= Process development execution system =

Process development execution systems (PDES) are software systems used to guide the development of high-tech manufacturing technologies like semiconductor manufacturing, MEMS manufacturing, photovoltaics manufacturing, biomedical devices or nanoparticle manufacturing. Software systems of this kind have similarities to product lifecycle management (PLM) systems. They guide the development of new or improved technologies from its conception, through development and into manufacturing. Furthermore, they borrow on concepts of manufacturing execution systems (MES) systems but tailor them for R&D rather than for production. PDES integrate people (with different backgrounds from potentially different legal entities), data (from diverse sources), information, knowledge and business processes.

== Benefits ==

PDES vs MES in the technology development cycle

Documented benefits of process development execution systems include:
- Reduced time to market
- Reduced amounts of experimentation
- Improved quality / more robust manufacturing process
- Reduced prototyping costs
- Savings through the re-use of original data, information and knowledge
- A framework for product optimization
- Reduced waste
- Savings through the complete integration of engineering workflows
- Ability to provide collaboration partners with access to a centralized development record

== Relationships with other level 3 / level 4 systems ==
A process development execution system (PDES) is a system used by companies to perform development activities for high-tech manufacturing processes. Software systems of this kind leverage diverse concepts from other software categories like PLM, manufacturing execution system (MES), ECM but focus on tools to speed up the technology development rather than the production.

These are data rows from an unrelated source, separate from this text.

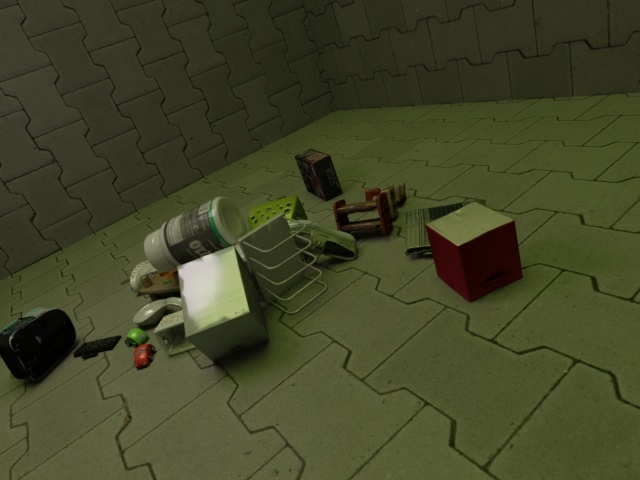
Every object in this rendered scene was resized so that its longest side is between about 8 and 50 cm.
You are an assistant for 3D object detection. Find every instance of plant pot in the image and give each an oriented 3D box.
[{"bbox_3d":[-0.167,-0.021,1.814,0.227,0.228,0.207,-15,32,11],"label":"plant pot"}]

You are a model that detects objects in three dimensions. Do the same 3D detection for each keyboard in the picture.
[{"bbox_3d":[-0.869,0.413,1.709,0.180,0.023,0.108,-15,27,14],"label":"keyboard"}]

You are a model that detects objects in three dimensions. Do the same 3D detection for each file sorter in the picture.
[{"bbox_3d":[-0.117,0.084,1.511,0.193,0.277,0.173,-34,33,-26],"label":"file sorter"}]

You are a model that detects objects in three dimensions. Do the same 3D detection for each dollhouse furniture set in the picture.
[{"bbox_3d":[0.224,-0.128,1.861,0.201,0.152,0.374,-7,12,28],"label":"dollhouse furniture set"}]

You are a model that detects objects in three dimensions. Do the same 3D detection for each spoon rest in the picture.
[{"bbox_3d":[-0.614,0.271,1.727,0.276,0.084,0.137,-9,28,21],"label":"spoon rest"}]

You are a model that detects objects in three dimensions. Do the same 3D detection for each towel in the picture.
[{"bbox_3d":[0.459,-0.045,1.605,0.312,0.056,0.324,-9,26,16],"label":"towel"}]

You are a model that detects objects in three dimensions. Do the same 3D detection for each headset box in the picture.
[{"bbox_3d":[-0.006,-0.345,2.321,0.110,0.218,0.293,-27,26,-13],"label":"headset box"}]

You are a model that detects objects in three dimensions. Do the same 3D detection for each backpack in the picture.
[{"bbox_3d":[-1.089,0.383,1.702,0.191,0.225,0.253,-1,27,25],"label":"backpack"}]

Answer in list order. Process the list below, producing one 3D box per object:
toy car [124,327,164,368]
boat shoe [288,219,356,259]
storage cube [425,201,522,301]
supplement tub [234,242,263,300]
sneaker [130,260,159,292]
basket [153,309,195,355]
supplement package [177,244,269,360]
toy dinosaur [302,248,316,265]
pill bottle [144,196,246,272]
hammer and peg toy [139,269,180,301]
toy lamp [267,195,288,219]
[{"bbox_3d":[-0.642,0.355,1.616,0.225,0.053,0.239,-3,31,32],"label":"toy car"},{"bbox_3d":[0.000,0.000,1.651,0.302,0.109,0.094,10,31,-13],"label":"boat shoe"},{"bbox_3d":[0.444,0.027,1.297,0.184,0.193,0.215,-24,27,-6],"label":"storage cube"},{"bbox_3d":[-0.246,0.109,1.635,0.144,0.199,0.144,-17,26,9],"label":"supplement tub"},{"bbox_3d":[-0.781,0.139,2.092,0.118,0.110,0.292,1,32,21],"label":"sneaker"},{"bbox_3d":[-0.463,0.303,1.520,0.167,0.113,0.103,-19,24,3],"label":"basket"},{"bbox_3d":[-0.308,0.199,1.406,0.199,0.198,0.262,-21,52,-1],"label":"supplement package"},{"bbox_3d":[-0.054,0.054,1.723,0.053,0.092,0.183,-12,27,18],"label":"toy dinosaur"},{"bbox_3d":[-0.491,-0.014,1.733,0.361,0.204,0.204,-22,24,18],"label":"pill bottle"},{"bbox_3d":[-0.563,0.137,1.900,0.361,0.127,0.266,-8,27,23],"label":"hammer and peg toy"},{"bbox_3d":[-0.223,-0.145,2.257,0.080,0.080,0.274,-10,31,21],"label":"toy lamp"}]
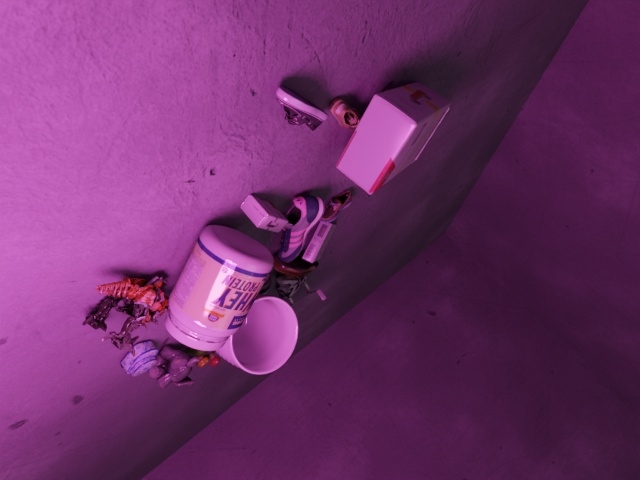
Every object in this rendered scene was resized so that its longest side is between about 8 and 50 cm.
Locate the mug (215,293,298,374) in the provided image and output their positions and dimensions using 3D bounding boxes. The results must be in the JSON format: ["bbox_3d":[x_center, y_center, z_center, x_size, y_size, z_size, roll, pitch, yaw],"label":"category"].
[{"bbox_3d":[-0.323,0.308,1.537,0.374,0.328,0.276,30,73,-35],"label":"mug"}]

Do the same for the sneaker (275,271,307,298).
[{"bbox_3d":[-0.164,0.215,1.927,0.153,0.094,0.235,-58,167,13],"label":"sneaker"}]

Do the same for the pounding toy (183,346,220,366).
[{"bbox_3d":[-0.506,0.499,1.829,0.183,0.110,0.236,-24,152,-43],"label":"pounding toy"}]

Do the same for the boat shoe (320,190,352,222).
[{"bbox_3d":[0.060,-0.146,1.697,0.183,0.066,0.066,-44,157,-27],"label":"boat shoe"}]

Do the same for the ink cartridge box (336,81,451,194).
[{"bbox_3d":[0.255,-0.359,1.397,0.385,0.160,0.279,-38,163,-50],"label":"ink cartridge box"}]

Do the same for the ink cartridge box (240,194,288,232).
[{"bbox_3d":[-0.178,-0.084,1.316,0.056,0.099,0.135,-47,158,12],"label":"ink cartridge box"}]

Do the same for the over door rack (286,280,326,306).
[{"bbox_3d":[-0.130,0.299,2.032,0.240,0.108,0.324,-37,-171,-14],"label":"over door rack"}]

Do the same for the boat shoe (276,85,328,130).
[{"bbox_3d":[-0.058,-0.338,1.089,0.076,0.080,0.228,-52,165,18],"label":"boat shoe"}]

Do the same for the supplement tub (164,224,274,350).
[{"bbox_3d":[-0.310,0.142,1.247,0.324,0.235,0.235,-61,156,11],"label":"supplement tub"}]

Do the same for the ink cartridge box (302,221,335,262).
[{"bbox_3d":[0.000,0.000,1.833,0.189,0.066,0.232,-64,178,5],"label":"ink cartridge box"}]

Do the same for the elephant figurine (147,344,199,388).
[{"bbox_3d":[-0.580,0.518,1.676,0.169,0.186,0.239,-52,162,-19],"label":"elephant figurine"}]

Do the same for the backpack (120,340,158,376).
[{"bbox_3d":[-0.638,0.422,1.474,0.114,0.084,0.105,-53,160,16],"label":"backpack"}]

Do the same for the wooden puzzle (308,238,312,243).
[{"bbox_3d":[-0.028,0.004,1.892,0.049,0.006,0.083,-41,159,-6],"label":"wooden puzzle"}]

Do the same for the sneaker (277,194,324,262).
[{"bbox_3d":[-0.112,-0.044,1.543,0.131,0.112,0.319,2,131,-40],"label":"sneaker"}]

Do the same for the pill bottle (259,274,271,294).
[{"bbox_3d":[-0.249,0.155,1.636,0.108,0.108,0.180,-36,159,-20],"label":"pill bottle"}]

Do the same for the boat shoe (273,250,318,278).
[{"bbox_3d":[-0.120,0.119,1.794,0.120,0.122,0.324,-44,160,16],"label":"boat shoe"}]

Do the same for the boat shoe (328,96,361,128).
[{"bbox_3d":[0.092,-0.376,1.281,0.068,0.072,0.190,-51,158,18],"label":"boat shoe"}]

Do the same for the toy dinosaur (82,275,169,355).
[{"bbox_3d":[-0.537,0.176,1.162,0.218,0.164,0.322,-54,144,-15],"label":"toy dinosaur"}]
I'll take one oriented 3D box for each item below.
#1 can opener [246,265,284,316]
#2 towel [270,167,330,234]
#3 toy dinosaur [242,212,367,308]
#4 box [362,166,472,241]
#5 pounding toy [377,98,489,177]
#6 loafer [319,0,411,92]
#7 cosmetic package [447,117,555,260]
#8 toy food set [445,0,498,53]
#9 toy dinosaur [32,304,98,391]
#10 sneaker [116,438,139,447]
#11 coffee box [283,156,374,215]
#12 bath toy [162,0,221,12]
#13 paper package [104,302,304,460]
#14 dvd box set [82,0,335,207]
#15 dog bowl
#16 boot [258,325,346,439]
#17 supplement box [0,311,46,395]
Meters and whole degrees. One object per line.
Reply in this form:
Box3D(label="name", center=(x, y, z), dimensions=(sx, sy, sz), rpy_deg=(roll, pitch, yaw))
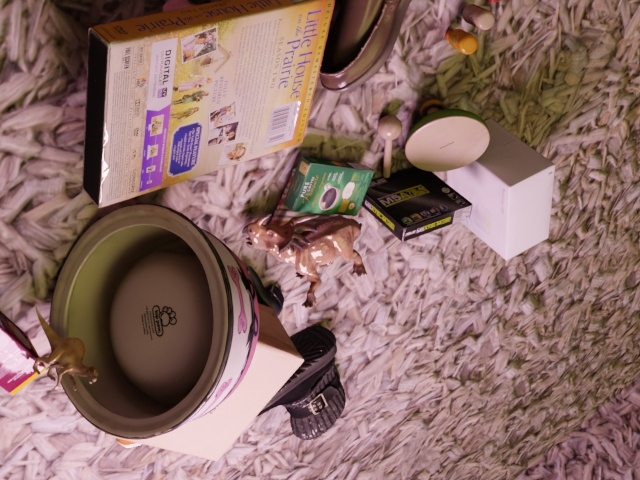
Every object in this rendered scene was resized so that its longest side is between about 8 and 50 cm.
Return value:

A PDES is similar to a manufacturing execution systems (MES) in several ways. The key distinguishing factor of a PDES is that it is tailored for steering the development of a manufacturing process, while MES is tailored for executing the volume production using the developed process. Therefore, the toolset and focus of a PDES is on lower volume but higher flexibility and experimentation freedom. The tools of an MES are more focused on less variance, higher volumes, tighter control and logistics. Both types of application software increase traceability, productivity, and quality of the delivered result. For PDESs quality refers to the capability of the process to perform without failure under a wide range of conditions, i.e. the robustness of the developed manufacturing process. For MESs quality refers to the quality of the manufactured good/commodity. Additionally both software types share functions including equipment tracking, product genealogy, labour and item tracking, costing, electronic signature capture, defect and resolution monitoring, executive dashboards, and other various reporting solutions.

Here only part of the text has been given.